### [Data records]
■ ■ ■ ■ ■ ■ ■

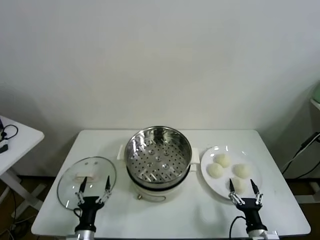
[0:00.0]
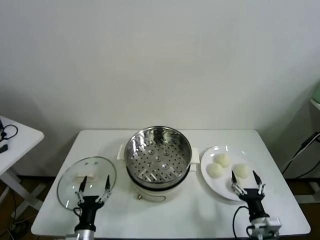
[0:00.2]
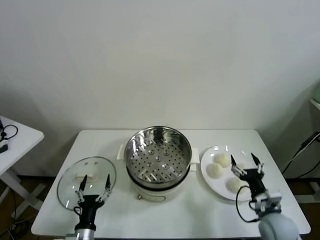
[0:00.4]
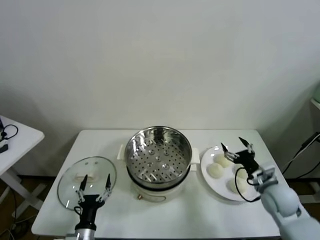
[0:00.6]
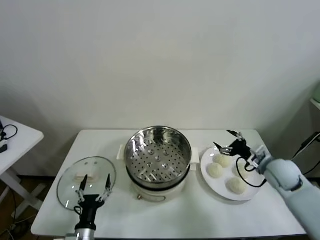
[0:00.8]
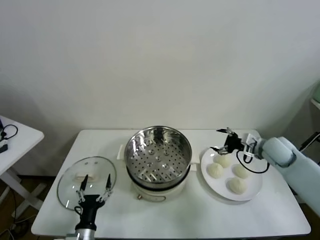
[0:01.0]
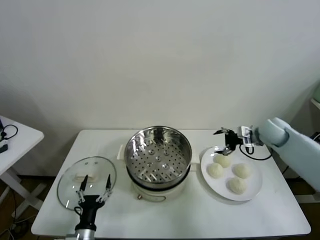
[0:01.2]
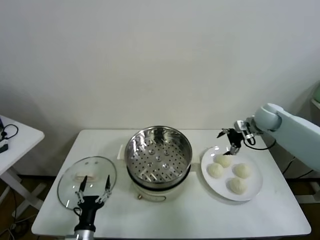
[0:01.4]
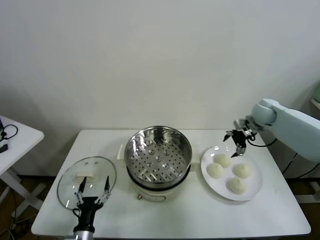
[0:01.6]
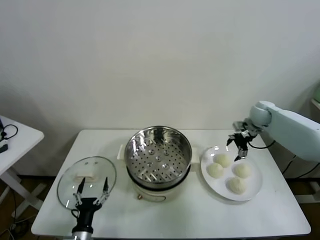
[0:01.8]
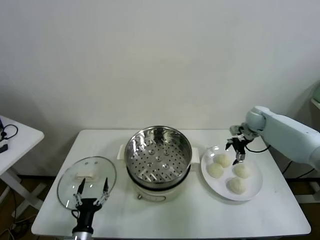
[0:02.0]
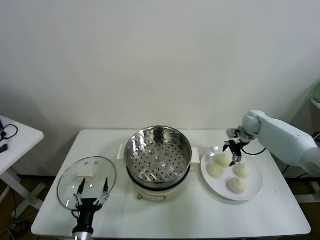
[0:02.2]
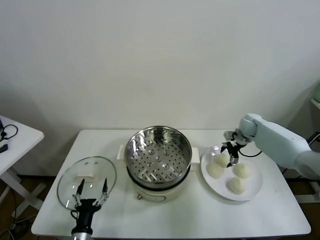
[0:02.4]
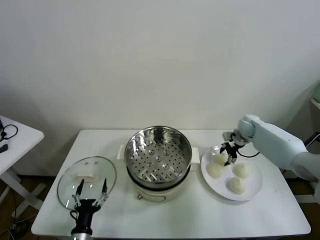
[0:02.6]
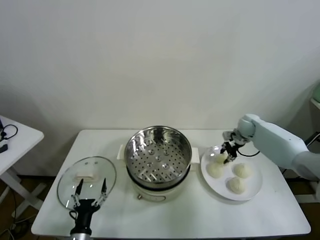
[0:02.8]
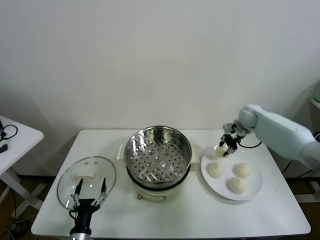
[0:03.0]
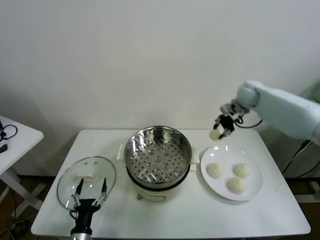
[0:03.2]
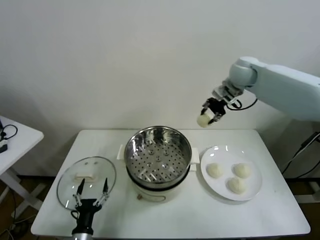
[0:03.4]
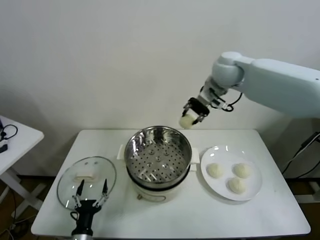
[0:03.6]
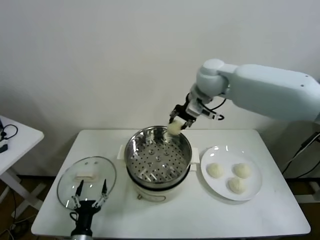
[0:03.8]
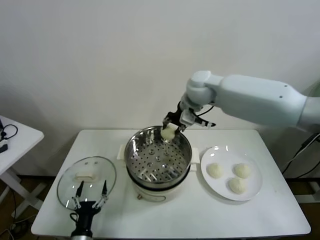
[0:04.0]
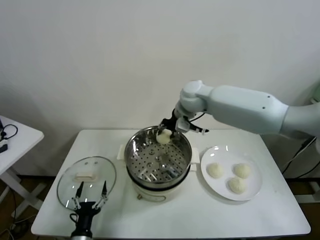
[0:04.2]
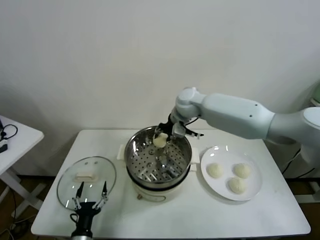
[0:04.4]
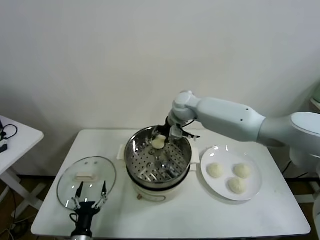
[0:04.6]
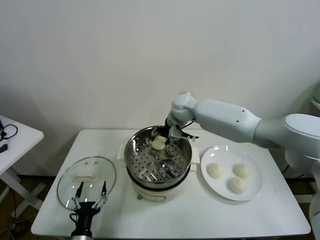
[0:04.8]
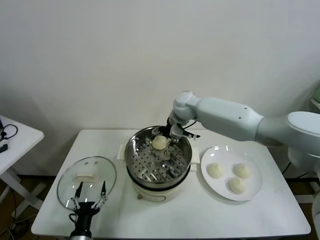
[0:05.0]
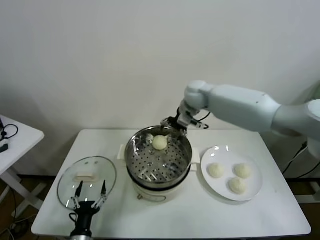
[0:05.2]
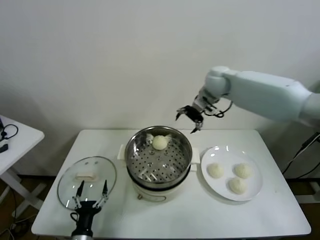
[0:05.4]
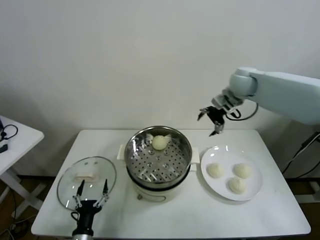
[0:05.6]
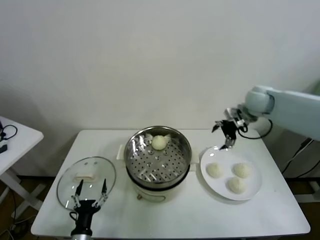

■ ■ ■ ■ ■ ■ ■

### [EXERCISE DIRECTIONS]
Leave out the pictures and retype every line above exactly.

### [ANSWER TO THIS TASK]
[0:00.0]
[0:00.2]
[0:00.4]
[0:00.6]
[0:00.8]
[0:01.0]
[0:01.2]
[0:01.4]
[0:01.6]
[0:01.8]
[0:02.0]
[0:02.2]
[0:02.4]
[0:02.6]
[0:02.8]
[0:03.0]
[0:03.2]
[0:03.4]
[0:03.6]
[0:03.8]
[0:04.0]
[0:04.2]
[0:04.4]
[0:04.6]
[0:04.8]
[0:05.0]
[0:05.2]
[0:05.4]
[0:05.6]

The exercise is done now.